Extracted entries
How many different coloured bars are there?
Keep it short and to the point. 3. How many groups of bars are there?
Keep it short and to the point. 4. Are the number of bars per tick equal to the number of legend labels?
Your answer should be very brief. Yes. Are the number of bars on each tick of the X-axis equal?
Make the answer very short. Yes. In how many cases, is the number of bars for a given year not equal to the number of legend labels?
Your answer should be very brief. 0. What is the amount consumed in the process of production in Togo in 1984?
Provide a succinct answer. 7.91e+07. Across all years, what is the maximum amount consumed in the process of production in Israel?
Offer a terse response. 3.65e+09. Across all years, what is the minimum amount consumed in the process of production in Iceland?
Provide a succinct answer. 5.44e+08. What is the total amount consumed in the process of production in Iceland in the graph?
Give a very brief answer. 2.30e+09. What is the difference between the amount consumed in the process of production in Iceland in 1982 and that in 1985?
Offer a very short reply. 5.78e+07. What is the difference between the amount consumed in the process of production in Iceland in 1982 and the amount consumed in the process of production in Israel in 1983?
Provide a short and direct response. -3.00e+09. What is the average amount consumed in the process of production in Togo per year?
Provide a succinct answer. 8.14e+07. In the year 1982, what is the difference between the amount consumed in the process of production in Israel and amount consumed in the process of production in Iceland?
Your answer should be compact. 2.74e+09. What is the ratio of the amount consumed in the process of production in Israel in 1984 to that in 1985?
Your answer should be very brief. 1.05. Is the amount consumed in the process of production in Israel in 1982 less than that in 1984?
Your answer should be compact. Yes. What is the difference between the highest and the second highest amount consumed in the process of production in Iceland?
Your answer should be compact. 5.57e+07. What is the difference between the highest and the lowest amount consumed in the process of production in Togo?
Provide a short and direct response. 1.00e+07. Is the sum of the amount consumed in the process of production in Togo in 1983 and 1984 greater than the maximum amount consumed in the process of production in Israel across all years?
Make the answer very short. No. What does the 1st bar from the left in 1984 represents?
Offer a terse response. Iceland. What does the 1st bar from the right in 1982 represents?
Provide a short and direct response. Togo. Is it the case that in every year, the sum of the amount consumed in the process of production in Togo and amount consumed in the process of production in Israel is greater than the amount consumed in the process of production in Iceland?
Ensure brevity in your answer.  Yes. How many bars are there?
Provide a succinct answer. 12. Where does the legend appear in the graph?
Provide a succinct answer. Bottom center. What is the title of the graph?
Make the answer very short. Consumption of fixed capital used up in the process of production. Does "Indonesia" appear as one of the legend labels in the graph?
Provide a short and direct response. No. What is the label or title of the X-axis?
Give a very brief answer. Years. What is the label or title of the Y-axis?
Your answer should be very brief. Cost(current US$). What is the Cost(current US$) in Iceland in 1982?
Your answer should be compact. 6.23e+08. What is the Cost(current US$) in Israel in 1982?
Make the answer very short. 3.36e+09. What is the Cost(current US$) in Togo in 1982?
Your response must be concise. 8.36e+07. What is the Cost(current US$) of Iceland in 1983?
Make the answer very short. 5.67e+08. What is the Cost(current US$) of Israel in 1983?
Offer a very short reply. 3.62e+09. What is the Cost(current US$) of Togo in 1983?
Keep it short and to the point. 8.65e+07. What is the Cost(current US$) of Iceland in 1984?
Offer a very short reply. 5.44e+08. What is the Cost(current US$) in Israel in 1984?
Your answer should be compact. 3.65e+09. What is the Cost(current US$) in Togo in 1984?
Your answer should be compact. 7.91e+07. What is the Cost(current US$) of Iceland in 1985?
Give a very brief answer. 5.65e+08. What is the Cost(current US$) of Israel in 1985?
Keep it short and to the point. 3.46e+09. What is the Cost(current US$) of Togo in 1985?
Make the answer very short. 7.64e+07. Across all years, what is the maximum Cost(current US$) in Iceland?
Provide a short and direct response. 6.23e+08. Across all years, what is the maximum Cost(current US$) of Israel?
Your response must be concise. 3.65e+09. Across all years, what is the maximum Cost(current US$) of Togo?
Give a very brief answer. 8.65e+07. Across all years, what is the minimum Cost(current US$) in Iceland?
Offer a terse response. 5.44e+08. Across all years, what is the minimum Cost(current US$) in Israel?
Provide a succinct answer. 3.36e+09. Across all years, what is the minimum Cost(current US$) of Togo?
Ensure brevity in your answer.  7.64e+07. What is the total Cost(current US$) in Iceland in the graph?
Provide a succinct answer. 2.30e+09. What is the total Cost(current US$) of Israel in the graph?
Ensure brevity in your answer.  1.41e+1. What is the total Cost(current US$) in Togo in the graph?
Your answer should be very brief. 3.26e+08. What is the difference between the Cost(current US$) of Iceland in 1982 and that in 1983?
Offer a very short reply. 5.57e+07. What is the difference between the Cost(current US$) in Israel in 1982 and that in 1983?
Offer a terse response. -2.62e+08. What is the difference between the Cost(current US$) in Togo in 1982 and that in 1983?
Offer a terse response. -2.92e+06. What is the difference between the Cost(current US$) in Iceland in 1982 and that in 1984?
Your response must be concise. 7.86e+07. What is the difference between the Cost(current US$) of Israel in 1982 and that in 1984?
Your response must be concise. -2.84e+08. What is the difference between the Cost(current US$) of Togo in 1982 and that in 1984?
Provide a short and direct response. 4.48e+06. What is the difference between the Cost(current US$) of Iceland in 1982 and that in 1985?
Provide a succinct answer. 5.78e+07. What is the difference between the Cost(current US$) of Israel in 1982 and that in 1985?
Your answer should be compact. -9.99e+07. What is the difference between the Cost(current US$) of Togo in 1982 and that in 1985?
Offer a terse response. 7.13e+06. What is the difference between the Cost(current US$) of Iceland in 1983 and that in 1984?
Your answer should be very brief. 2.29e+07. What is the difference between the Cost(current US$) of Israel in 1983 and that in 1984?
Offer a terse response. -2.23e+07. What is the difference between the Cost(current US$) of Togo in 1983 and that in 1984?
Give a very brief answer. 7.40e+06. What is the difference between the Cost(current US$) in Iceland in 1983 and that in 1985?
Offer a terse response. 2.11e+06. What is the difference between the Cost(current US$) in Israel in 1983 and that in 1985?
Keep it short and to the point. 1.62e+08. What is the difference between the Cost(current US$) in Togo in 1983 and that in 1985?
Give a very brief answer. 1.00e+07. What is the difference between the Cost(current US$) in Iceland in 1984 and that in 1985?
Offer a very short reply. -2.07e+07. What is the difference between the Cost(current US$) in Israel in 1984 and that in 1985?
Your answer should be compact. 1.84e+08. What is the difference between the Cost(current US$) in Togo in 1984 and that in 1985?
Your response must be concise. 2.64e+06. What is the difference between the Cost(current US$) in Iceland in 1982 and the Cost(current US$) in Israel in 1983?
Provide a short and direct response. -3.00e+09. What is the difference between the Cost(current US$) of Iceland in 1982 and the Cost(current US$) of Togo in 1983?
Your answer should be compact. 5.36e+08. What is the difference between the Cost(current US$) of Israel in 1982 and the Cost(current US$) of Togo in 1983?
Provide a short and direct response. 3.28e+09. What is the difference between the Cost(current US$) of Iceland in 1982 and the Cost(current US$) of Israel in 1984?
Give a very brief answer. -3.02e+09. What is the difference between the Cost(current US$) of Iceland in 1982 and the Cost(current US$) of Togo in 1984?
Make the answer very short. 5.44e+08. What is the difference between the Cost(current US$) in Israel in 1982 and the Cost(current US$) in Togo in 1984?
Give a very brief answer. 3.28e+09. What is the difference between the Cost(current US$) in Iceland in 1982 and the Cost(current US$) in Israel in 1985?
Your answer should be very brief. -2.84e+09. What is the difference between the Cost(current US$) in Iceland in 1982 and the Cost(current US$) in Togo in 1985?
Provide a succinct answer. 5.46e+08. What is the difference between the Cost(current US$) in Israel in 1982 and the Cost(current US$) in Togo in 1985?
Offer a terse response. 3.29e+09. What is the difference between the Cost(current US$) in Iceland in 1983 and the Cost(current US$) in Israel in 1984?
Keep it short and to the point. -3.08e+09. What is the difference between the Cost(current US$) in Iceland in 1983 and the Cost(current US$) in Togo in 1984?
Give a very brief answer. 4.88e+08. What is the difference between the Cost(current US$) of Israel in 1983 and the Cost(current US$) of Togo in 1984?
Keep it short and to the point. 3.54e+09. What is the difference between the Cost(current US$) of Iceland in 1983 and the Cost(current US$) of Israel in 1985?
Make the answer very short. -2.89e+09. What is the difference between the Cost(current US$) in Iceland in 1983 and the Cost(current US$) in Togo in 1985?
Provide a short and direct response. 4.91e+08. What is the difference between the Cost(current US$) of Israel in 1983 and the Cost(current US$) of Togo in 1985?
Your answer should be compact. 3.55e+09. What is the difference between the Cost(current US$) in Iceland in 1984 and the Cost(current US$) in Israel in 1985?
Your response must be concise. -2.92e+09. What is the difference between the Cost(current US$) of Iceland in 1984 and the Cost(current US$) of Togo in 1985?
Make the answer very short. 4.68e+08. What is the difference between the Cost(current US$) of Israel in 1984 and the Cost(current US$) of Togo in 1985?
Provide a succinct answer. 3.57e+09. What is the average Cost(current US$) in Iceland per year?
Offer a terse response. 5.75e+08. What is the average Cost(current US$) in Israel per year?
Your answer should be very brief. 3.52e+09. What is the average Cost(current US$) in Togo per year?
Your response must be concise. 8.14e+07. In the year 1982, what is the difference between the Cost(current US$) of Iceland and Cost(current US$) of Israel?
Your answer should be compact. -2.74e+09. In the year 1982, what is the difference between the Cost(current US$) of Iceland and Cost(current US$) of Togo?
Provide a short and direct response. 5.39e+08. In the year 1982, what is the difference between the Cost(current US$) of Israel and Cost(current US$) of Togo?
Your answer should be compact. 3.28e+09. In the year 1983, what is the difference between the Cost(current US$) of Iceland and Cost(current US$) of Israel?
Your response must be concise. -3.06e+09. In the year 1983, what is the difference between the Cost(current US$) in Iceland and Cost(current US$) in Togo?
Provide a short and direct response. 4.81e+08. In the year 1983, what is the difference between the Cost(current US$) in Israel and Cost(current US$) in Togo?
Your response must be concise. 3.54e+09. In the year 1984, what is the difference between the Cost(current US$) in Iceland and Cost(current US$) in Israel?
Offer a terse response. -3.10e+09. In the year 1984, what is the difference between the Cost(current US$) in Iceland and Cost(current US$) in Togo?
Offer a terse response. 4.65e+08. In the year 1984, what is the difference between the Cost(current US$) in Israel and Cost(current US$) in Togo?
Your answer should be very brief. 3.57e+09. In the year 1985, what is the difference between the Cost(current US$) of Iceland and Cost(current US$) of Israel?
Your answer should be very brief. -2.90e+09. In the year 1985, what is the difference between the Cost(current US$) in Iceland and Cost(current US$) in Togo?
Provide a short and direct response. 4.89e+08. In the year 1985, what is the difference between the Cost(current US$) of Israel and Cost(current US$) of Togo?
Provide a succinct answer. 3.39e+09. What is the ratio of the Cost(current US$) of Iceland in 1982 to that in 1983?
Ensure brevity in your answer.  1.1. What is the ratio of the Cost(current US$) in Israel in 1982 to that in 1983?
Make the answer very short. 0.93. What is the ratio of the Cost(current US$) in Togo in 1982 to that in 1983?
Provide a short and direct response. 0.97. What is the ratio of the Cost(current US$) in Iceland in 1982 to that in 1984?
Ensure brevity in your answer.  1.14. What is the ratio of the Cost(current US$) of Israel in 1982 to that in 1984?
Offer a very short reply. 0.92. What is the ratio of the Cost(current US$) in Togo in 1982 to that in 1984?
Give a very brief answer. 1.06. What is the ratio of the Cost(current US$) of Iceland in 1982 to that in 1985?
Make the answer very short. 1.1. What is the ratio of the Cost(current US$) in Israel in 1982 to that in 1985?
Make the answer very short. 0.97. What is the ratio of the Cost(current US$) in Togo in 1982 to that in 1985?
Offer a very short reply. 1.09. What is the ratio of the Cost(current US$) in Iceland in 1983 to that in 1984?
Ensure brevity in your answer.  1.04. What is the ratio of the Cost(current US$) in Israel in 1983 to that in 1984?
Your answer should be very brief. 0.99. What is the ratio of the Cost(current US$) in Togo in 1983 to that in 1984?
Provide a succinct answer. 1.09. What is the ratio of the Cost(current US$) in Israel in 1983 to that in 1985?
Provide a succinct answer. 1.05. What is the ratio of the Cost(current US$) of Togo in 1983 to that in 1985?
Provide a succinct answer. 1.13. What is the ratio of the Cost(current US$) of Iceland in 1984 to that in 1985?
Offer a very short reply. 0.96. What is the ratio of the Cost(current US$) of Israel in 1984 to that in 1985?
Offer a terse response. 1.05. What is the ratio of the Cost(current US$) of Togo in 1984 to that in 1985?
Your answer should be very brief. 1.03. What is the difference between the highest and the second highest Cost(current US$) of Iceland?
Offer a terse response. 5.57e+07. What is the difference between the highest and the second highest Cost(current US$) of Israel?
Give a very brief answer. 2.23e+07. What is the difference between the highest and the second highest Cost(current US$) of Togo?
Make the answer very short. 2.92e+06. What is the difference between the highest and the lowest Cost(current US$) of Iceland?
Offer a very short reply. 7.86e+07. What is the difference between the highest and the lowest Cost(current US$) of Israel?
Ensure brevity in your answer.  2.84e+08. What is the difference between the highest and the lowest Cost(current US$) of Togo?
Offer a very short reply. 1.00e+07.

Work order
From the entries above, restate word for word the lines from the line containing "Offer a terse response. 1.05." to the line containing "Offer a terse response. 5.57e+07.", both ends included, and nothing more.

Response for this exercise
Offer a terse response. 1.05. What is the ratio of the Cost(current US$) of Togo in 1984 to that in 1985?
Your answer should be very brief. 1.03. What is the difference between the highest and the second highest Cost(current US$) of Iceland?
Offer a terse response. 5.57e+07. What is the difference between the highest and the second highest Cost(current US$) of Israel?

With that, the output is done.